I can't make any claim for or against Marathon's scalability. On the feature front, Marathon has build out features quickly, but this can feel bleeding edge in practice (Docker support is a good example). This is not always due to Marathon itself, but also layers down the stack. Marathon does not provide preemption.
Ownership
To some, ownership and governance of a project is important. It feel that in practice it does not define the openness of a project, but for some people/companies the legal fine print can be a deal-breaker.
Marathon is owned by a company (Mesosphere)
To some, this is beneficial, to others is is not. It means that you can pay for support and features. It also means that there is something to be sold, and the project direction is ultimately decided by Mesosphere's interests.
Aurora is owned by the Apache Software Foundation
This means it is subject to the governance model of the ASF, driven by the community. Aurora does not have paying customers, and there is not currently a software shop that you can pay for development.
tl;dr If you are just getting your feet wet with running services on Mesos, I would suggest Marathon as your first port of call. It will be easier for you to get running and poke around the ecosystem. If you are forming the 'private cloud strategy' for a company, I suggest seriously considering Aurora, as it is proven and specifically designed for that.
So I've been evaluating both and this is my summary.
Aurora
[+] also handles recurring jobs
[+] finer grained, extensive file-based configuration
[+] has namespaces so multiple environments can co-exist
[-] read-only UI, no official API
[~] file based configuration and cli based execution brings overhead (which can be justified with more extensive feature set)
Marathon
[+] very easy to setup and use
[+] UI that provides control and extensive API (even with features missing from UI at the moment)
[+] event bus to listen in on api calls
[-] handles only long-running jobs
[-] does not have separate deployment-run-cleanup steps, these if necessary need to be combined in a script of one-liner
Even though Aurora has better capabilities, I prefer Marathon due to Auroras complexity/overhead and lack of UI (for control) & API
I have more experience with Marathon.
Ideological:
Marathon is a relatively tested product that is used in production at AirBnB. Aurora is an early Apache project (so YMMV).

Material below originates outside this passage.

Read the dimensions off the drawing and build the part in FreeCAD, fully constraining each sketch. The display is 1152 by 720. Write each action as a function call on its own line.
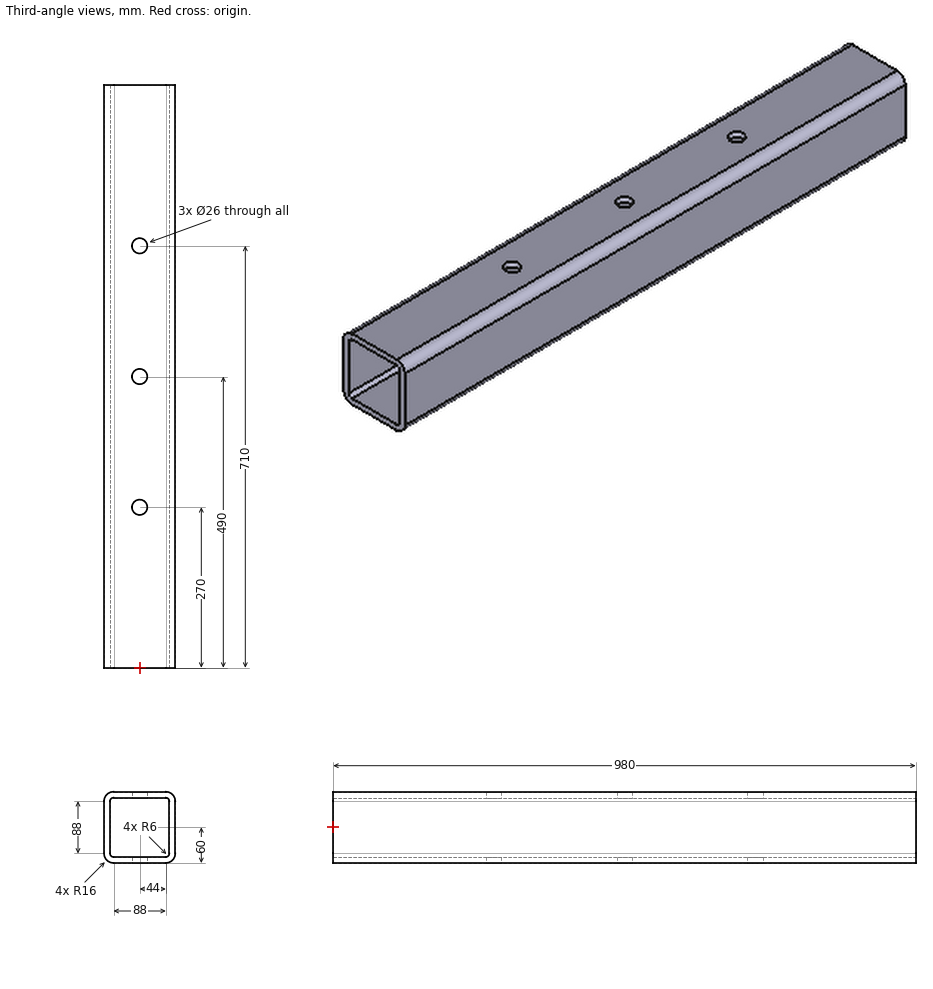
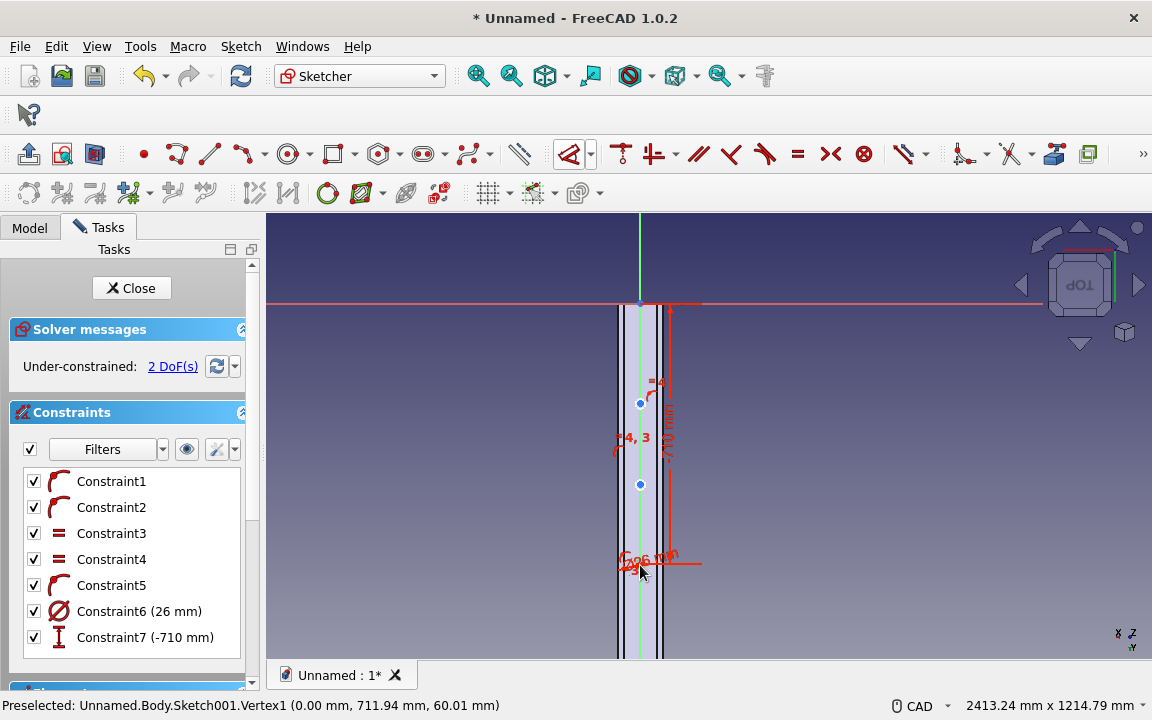
click(640, 485)
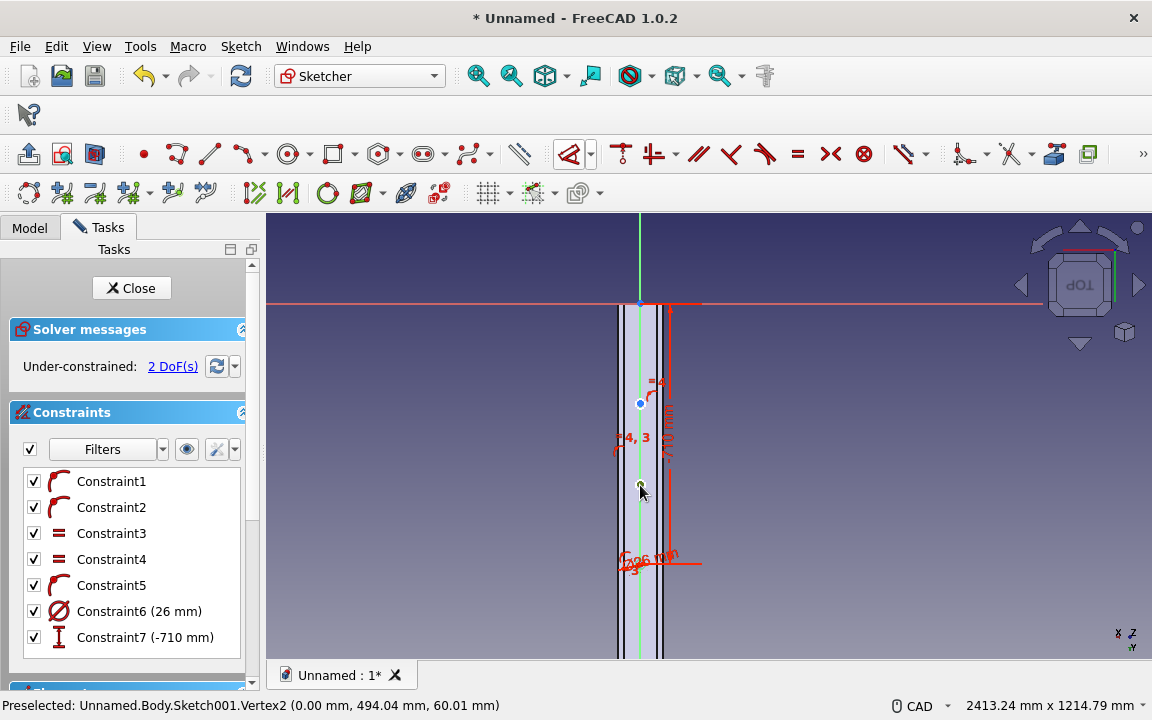
key(i)

Both are open source and active. Feel free to contribute pull requests or file issues!
Technical:
Marathon doesn't schedule batch tasks or cron jobs
Marathon has a friendly UI and better health indicators (in 0.8.x)

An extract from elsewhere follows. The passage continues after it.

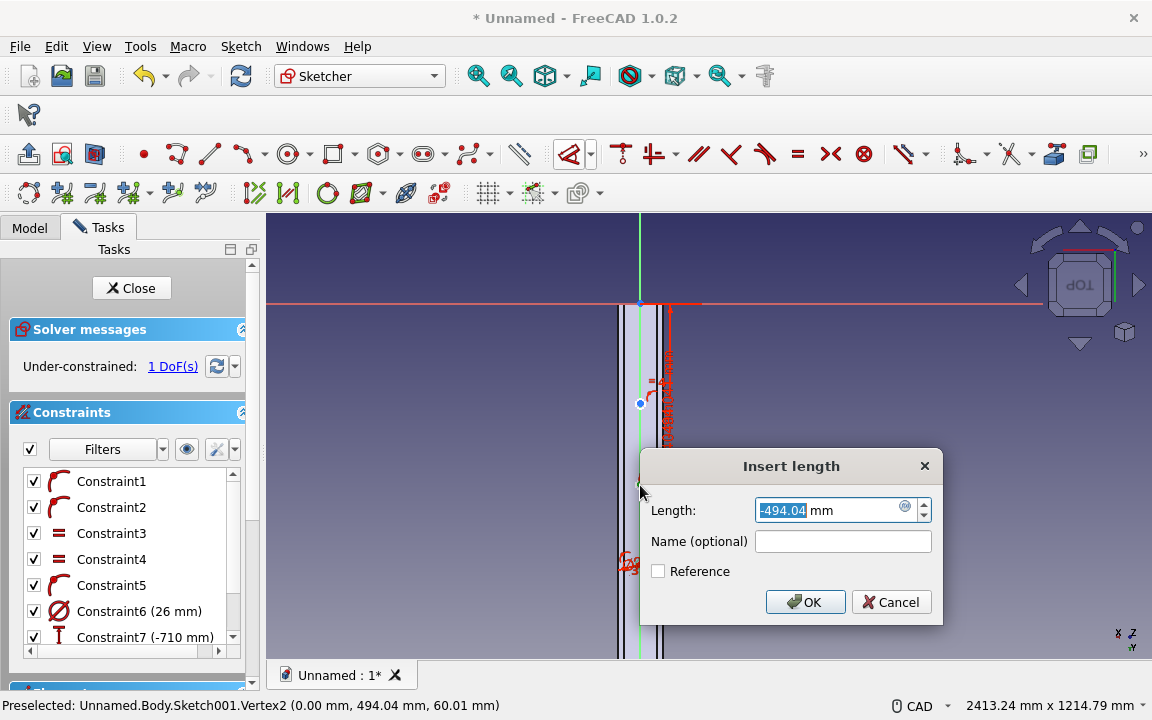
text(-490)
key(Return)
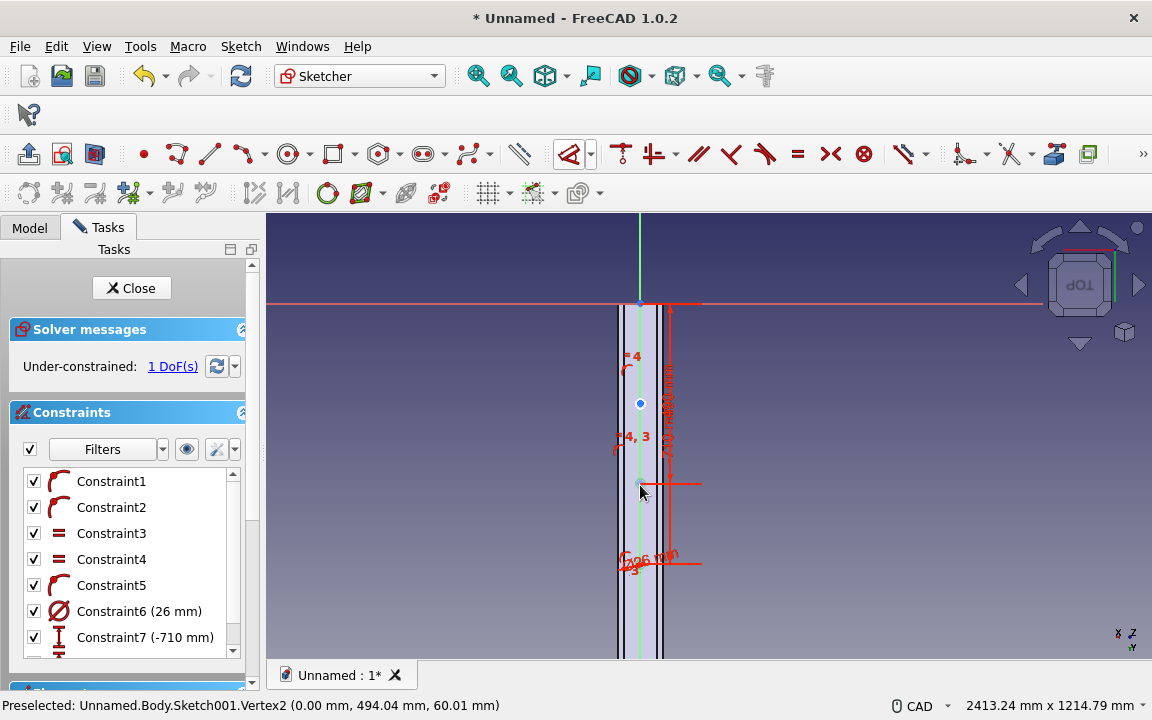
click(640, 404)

In regards to your second question, you can run any command or docker container, and Mesos will do the resource isolation for you. If you have 50% CentOS nodes and 50% Ubuntu nodes and you run a task that executes apt-get, the task will have a 50% chance of failure. Mesos and Marathon have no awareness of the actual machines.
Disclaimer: I don't have hands-on experience with Aurora, only with Marathon.
ad Q1: In a nutshell Apache Aurora is capable of doing what Marathon + Chronos can provide, that is, schedule both long-running services and recurring (batch) jobs; see also Aurora user guide.
ad Q2: Yes, anything. Currently based on cgroups and Docker but hey, you can roll your own.